Background Hematopoietic stem cells (HSCs) sustain lifelong blood and immune cell supply through their ability to self-renew and generate diverse cell lineages, beginning with the HSCs and progressing through multipotent progenitors (MPPs) and increasingly lineage-restricted intermediates. These transitions remain incompletely understood, particularly the mechanism involved in lineage priming and the timing within a spectrum of MPPs. IKAROS (Ikzf1), a zinc-finger DNA binding factor, is first expressed in the HSC and increases with lymphoid lineage specification. IKAROS proteins interact with chromatin remodeling complexes during lymphoid lineage differentiation, yet their precise role at the onset of hematopoiesis is not defined. We investigated whether IKAROS alters chromatin structure and organization in the nuclear space and how it influences lineage potentials of the earliest progenitors.

Methods With IKAROS-knockout and wild-type mice, we used fluorescence-activated cell sorting (FACS) to obtain early progenitor subsets from the bone marrow, including the long- and short-term HSCs, MPPs (from LSK: lineage-/loSca1+c-Kit+), and erythro-myeloid restricted precursors (from LK: lineage-/loSca1+c-Kit-). We performed single-cell RNA sequencing (scRNAseq), single-cell Multiome (scRNAseq and scATACseq/Assay for Transposase-Accessible Chromatin), and Hi-C assays to assess gene expression, chromatin accessibility at regulatory sites (e.g. enhancers and promoters), and 3D genome organization, respectively. Novel bioinformatic approaches were developed to integrate transcriptomic and epigenetic data.

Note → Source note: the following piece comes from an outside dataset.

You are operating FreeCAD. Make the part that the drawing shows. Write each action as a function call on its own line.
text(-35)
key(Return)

Results In IKAROS-deficient LSK populations, lymphoid-primed progenitors (CD150-CD48+Flt3+IL7R+) were markedly reduced, while myeloid-primed subsets (CD150-CD48+CD16/32+) were increased. Meanwhile, heterozygous deletions demonstrated haploinsufficiency with similar but milder effects, providing a working model for IKAROS as a molecular regulator for hemo-lymphopoiesis.

With our scMultiome and scRNAseq datasets, integration of MPPs based solely on scATACseq data yielded clearer cell type segregation than scRNAseq or integrated analyses (scRNAseq and scATACseq), reflecting a greater significance of chromatin accessibility over gene expression at this cell stage. Loss of IKAROS led to decreased accessibility at lymphoid-associated transcription factor binding sites and increased accessibility at myeloid sites, suggesting a shift in lineage potential driven by chromatin-level regulation and potential antagonism with myeloid programs. Ongoing 3C (Hi-C) studies examine the influence of IKAROS on lineage-specific 3D organization that appears to precede lineage restrictions.

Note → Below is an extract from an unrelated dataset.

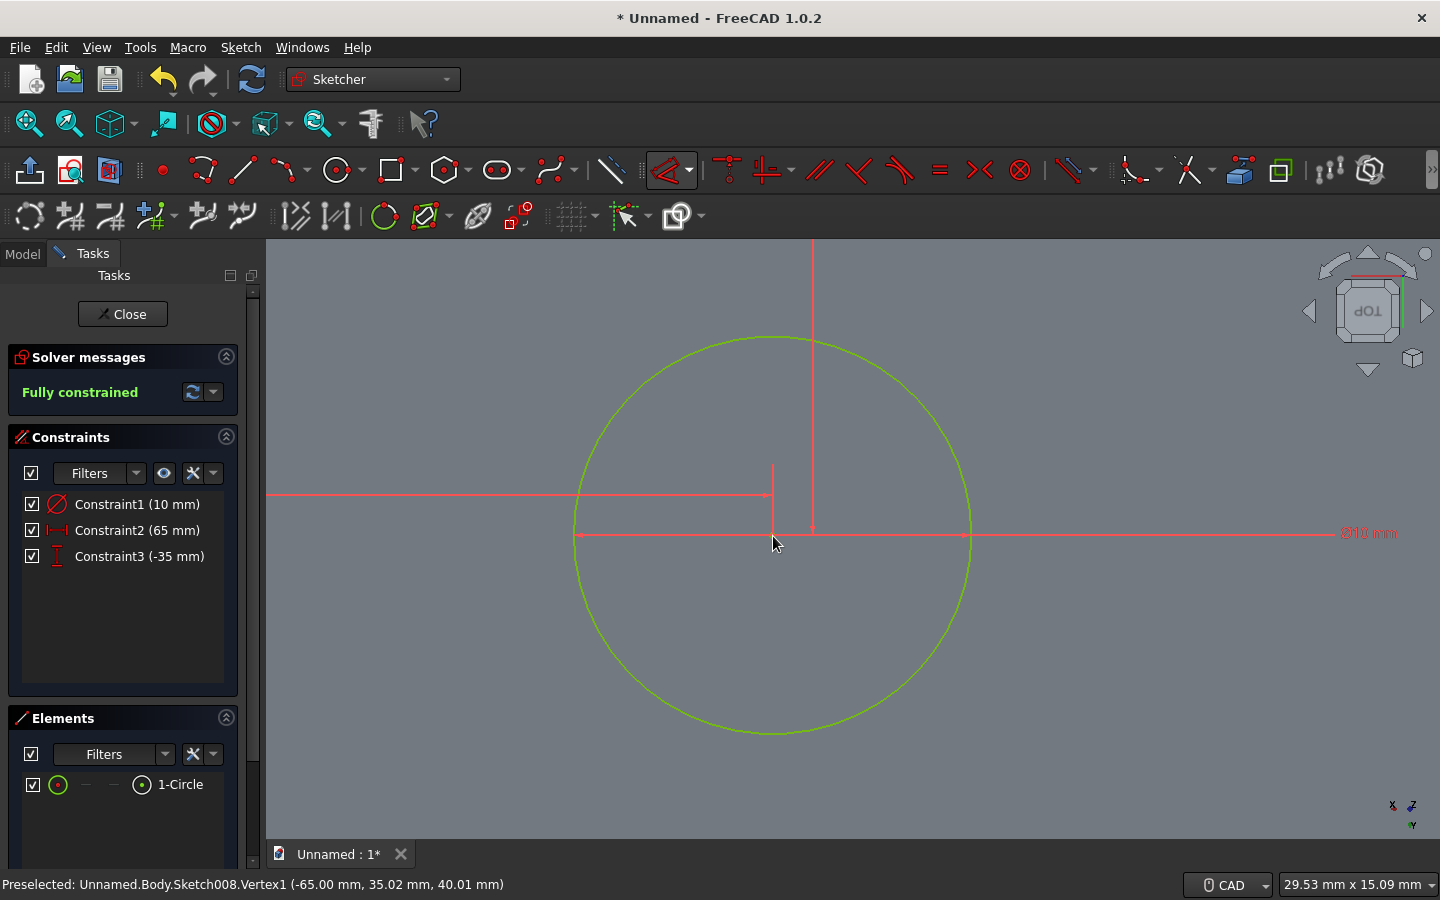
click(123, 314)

Conclusion Our study shows that IKAROS, a key regulator of early hemo-lymphopoiesis, is required for chromatin access at lineage-specific regulatory sites and three-dimensional genome organization. These findings highlight the importance of epigenetic mechanisms in governing early blood cell fates and suggest a new model of blood cell differentiation through lineage-specific epigenetic programs operating prior to lineage specification.